5e is Alternity and I'm not familiar with that. 6e is d20 Modern, and fuck a whole bunch of that shit. I did rather like the tone of the stuff I read, but the actual mechanics caused me too much pain for me to continue through it. 7e is built on 4e D&D and is apparently good for a zany pick-up game, something I could well believe but which I have little interest in.

So all things considered, 2e is a pretty good choice.

I'd think if you were to use it you would save it for PCs only, rather than monsters and henchmen. Or alternately give henchmen and monsters a flat Flesh/Vitality stat (something like 1 point per HD).

If you're just running 5 PCs at the start it's not much, but like said by the time you get to mid-levels in OSR play you're usually running 5 PCs, 5 henchmen, maybe another 5 assorted hirelings, and then running into wilderness encounters of 1d6x2d4 Orcs... things scale up fast.

yeah, but as soon as you have a bunch of level 1 fighters and enemy monsters with 2 HD or so it becomes annoying as fuck. So far the rule with "massive damage" meaning a potential injury was very efficient in play and still hat interesting results during combat. I usually allow for a parry if you skip your next action to halve incoming damage (the more damage the harder the parry, you can sacrifice your weapon for +3 to parry and your shield for +6 to parry).

Maybe so, but I usually track wounds with hash marks ( |||| for 4) and it's easy to make horizontal ones for wounds to flesh. And generally for monsters/npcs I just set their flesh to the last hit die. So 6 flesh for a d6-based character.
(I make exceptions for unusually large critters, since my you-just-got-seriously-wounded system is based on doing half the flesh value in one attack, but big things like that are uncommon)

Yeah, its just not for me. Having massive damage and then a die roll determine if you just got nicked in the guts feels just much more natural to me. And in that tactical, whole dungeon spanning battle of 20 goblins and 2 goblin leaders versus 6 adventurers and 4 henchmen I noticed that flesh and bleeding out every turn, etc. would just have slowed it down too much. And huge damage -> die roll -> see if gobbo/hero just got gutted feels faster and more elegant.
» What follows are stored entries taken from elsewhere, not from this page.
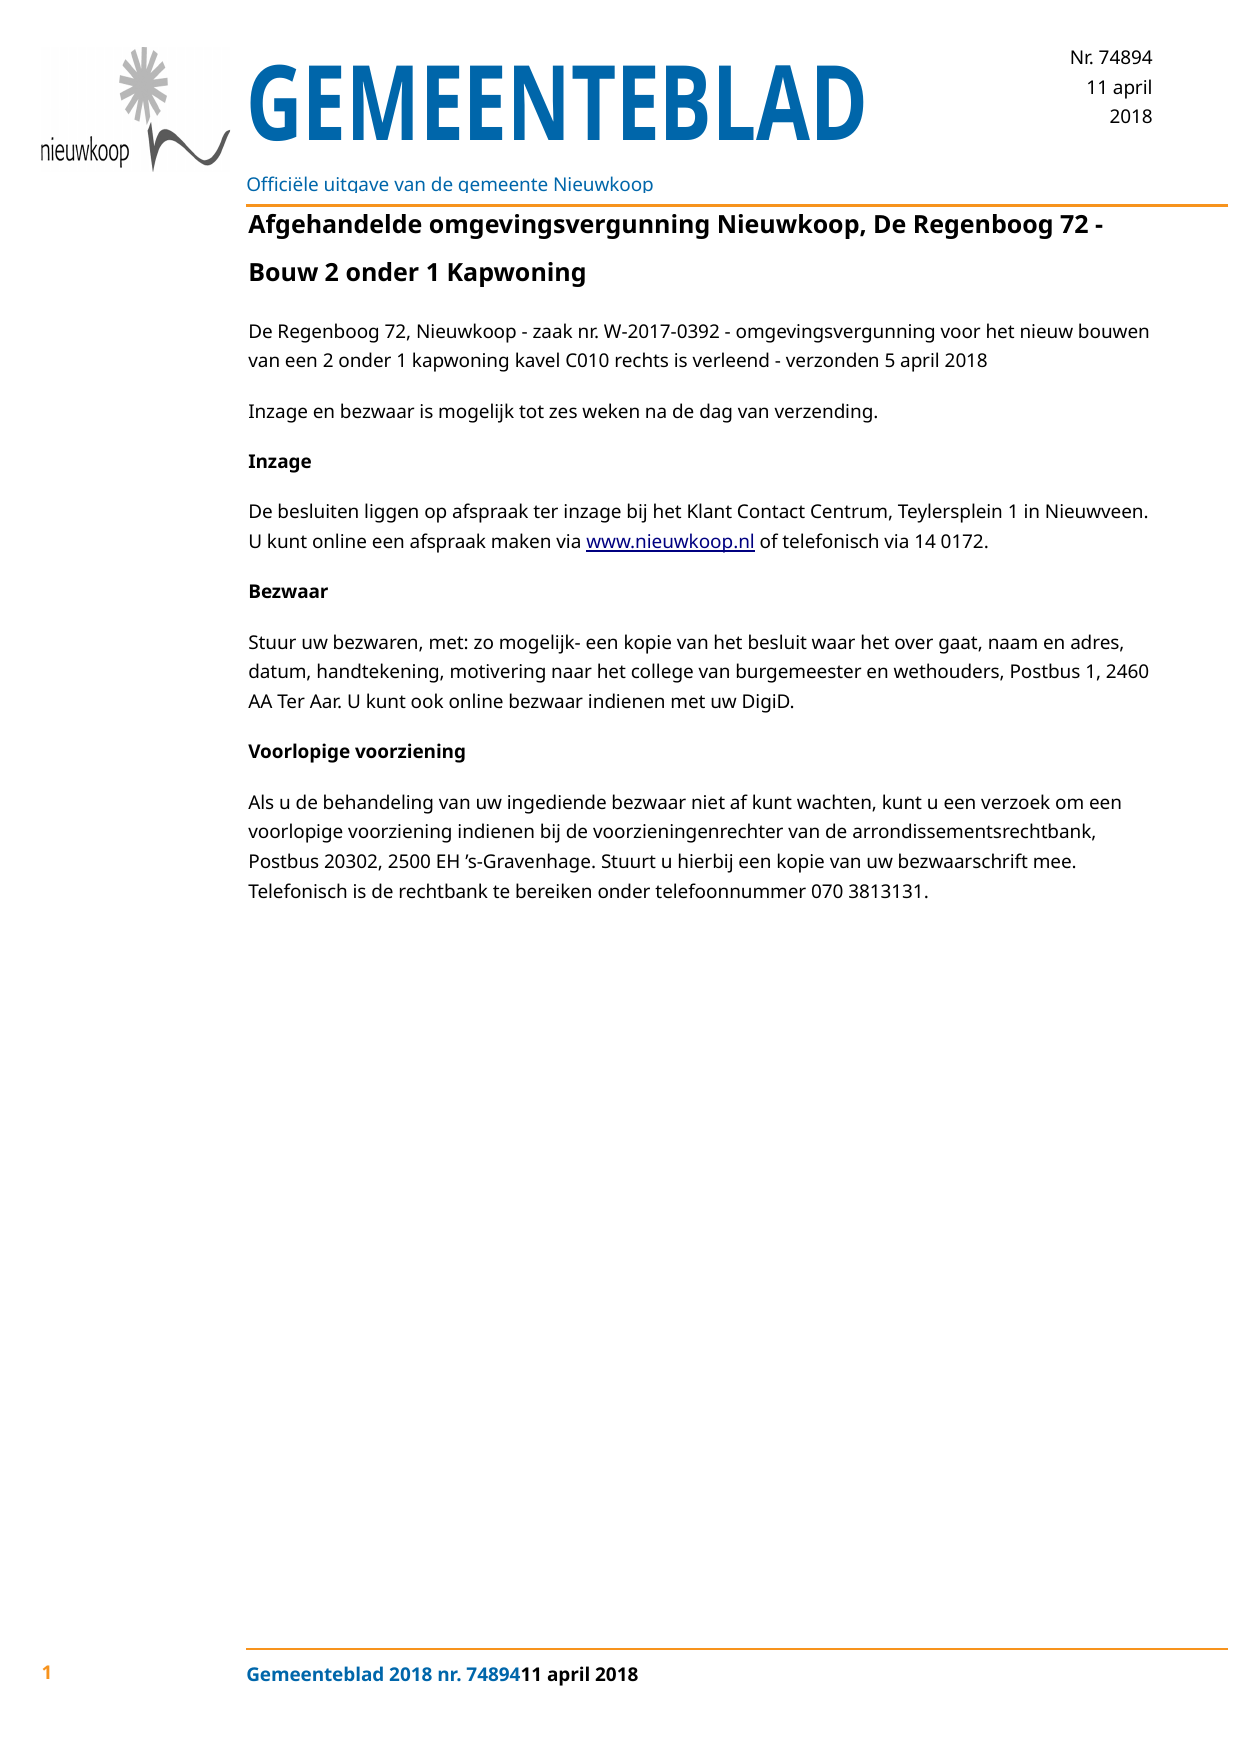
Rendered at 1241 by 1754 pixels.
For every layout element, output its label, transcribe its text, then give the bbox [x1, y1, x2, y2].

text Voorlopige voorziening [248, 739, 1152, 764]
text Stuur uw bezwaren, met: zo mogelijk- een kopie van het besluit waar het over gaat, naam en adres, datum, handtekening, motivering naar het college van burgemeester en wethouders, Postbus 1, 2460 AA Ter Aar. U kunt ook online bezwaar indienen met uw DigiD. [248, 629, 1152, 714]
text Bezwaar [248, 579, 1152, 604]
text Als u de behandeling van uw ingediende bezwaar niet af kunt wachten, kunt u een verzoek om een voorlopige voorziening indienen bij de voorzieningenrechter van de arrondissementsrechtbank, Postbus 20302, 2500 EH ’s-Gravenhage. Stuurt u hierbij een kopie van uw bezwaarschrift mee. Telefonisch is de rechtbank te bereiken onder telefoonnummer 070 3813131. [248, 789, 1152, 904]
text Inzage [248, 448, 1152, 474]
text Inzage en bezwaar is mogelijk tot zes weken na de dag van verzending. [248, 398, 1152, 424]
picture [41, 47, 231, 172]
text Afgehandelde omgevingsvergunning Nieuwkoop, De Regenboog 72 - Bouw 2 onder 1 Kapwoning [248, 207, 1152, 288]
text De besluiten liggen op afspraak ter inzage bij het Klant Contact Centrum, Teylersplein 1 in Nieuwveen. U kunt online een afspraak maken via www.nieuwkoop.nl of telefonisch via 14 0172. [248, 499, 1152, 554]
text De Regenboog 72, Nieuwkoop - zaak nr. W-2017-0392 - omgevingsvergunning voor het nieuw bouwen van een 2 onder 1 kapwoning kavel C010 rechts is verleend - verzonden 5 april 2018 [248, 318, 1152, 373]

Thinking of running an OSR game but I'm not sure what to run. My party has only ever played (in D&D terms) 3.5 and 5 (me and one other also tried 4e as well) so I'm not sure which game would be best to "ease them in" as it were.
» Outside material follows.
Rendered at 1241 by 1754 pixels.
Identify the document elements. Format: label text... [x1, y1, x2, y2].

Suggestions? I was looking at DCC, BFRPG and Darker Dungeons but I want some other ideas or more info on those three please.
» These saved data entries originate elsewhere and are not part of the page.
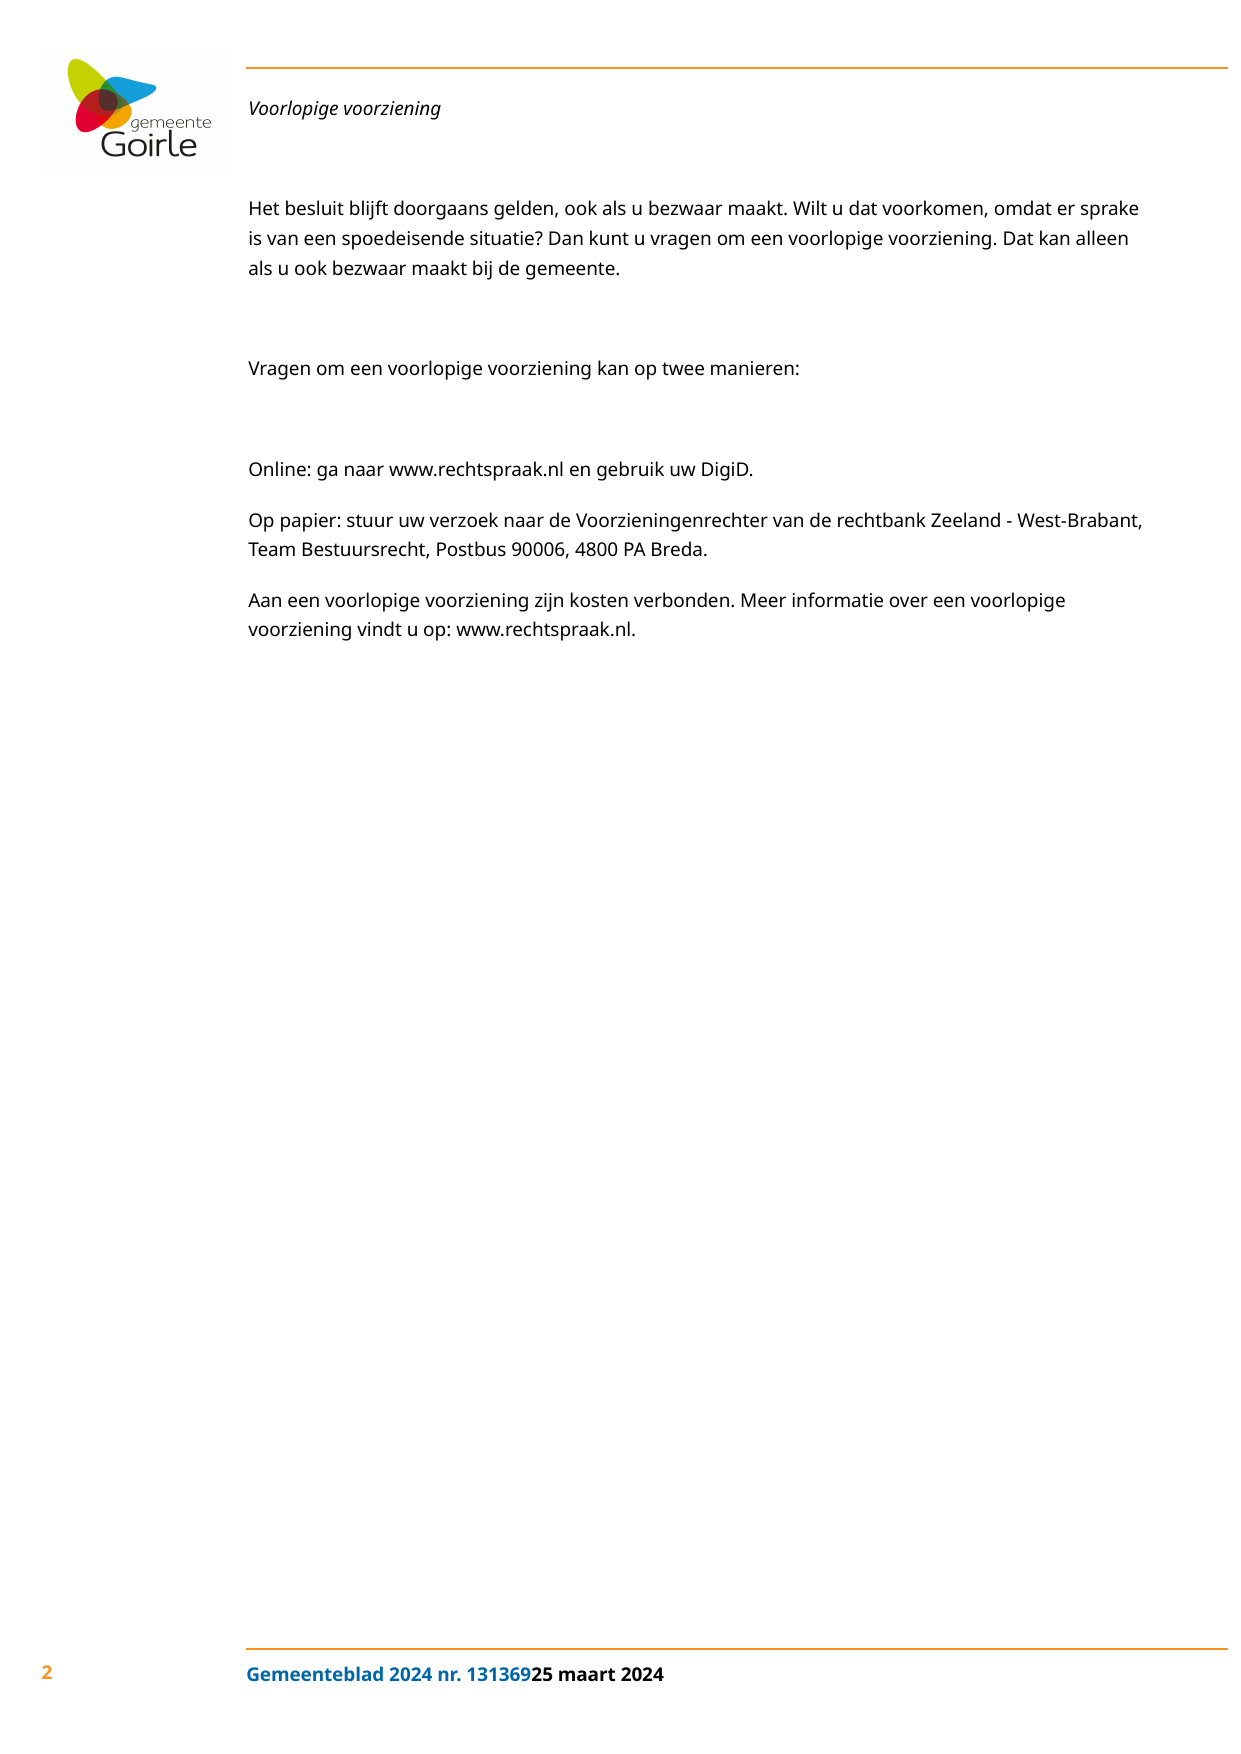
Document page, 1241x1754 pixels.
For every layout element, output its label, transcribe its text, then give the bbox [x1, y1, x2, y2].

text Voorlopige voorziening [248, 95, 1152, 121]
picture [41, 47, 231, 172]
text Op papier: stuur uw verzoek naar de Voorzieningenrechter van de rechtbank Zeeland - West-Brabant, Team Bestuursrecht, Postbus 90006, 4800 PA Breda. [248, 507, 1152, 562]
text Online: ga naar www.rechtspraak.nl en gebruik uw DigiD. [248, 456, 1152, 482]
text Het besluit blijft doorgaans gelden, ook als u bezwaar maakt. Wilt u dat voorkomen, omdat er sprake is van een spoedeisende situatie? Dan kunt u vragen om een voorlopige voorziening. Dat kan alleen als u ook bezwaar maakt bij de gemeente. [248, 196, 1152, 281]
text Aan een voorlopige voorziening zijn kosten verbonden. Meer informatie over een voorlopige voorziening vindt u op: www.rechtspraak.nl. [248, 587, 1152, 642]
text Vragen om een voorlopige voorziening kan op twee manieren: [248, 356, 1152, 381]

DCC and BFRPG seem like good choices. BFRPG is good if you want race-and-class and a more general ruleset, and DCC is good if you want a very fun and gonzo system and can handle tables and funky dice.

People say DCC is the closest to 3.5 mostly because the way it handles stat blocks and crunch. BFRPG is more pick up and play. DCC is my favorite at the moment.

True, the funky dice are probably going to be the reason me and my party back away, at least until I can get a set of them.

I think we're going to go with BFRPG and add some supplements to it to give my party some more options as well.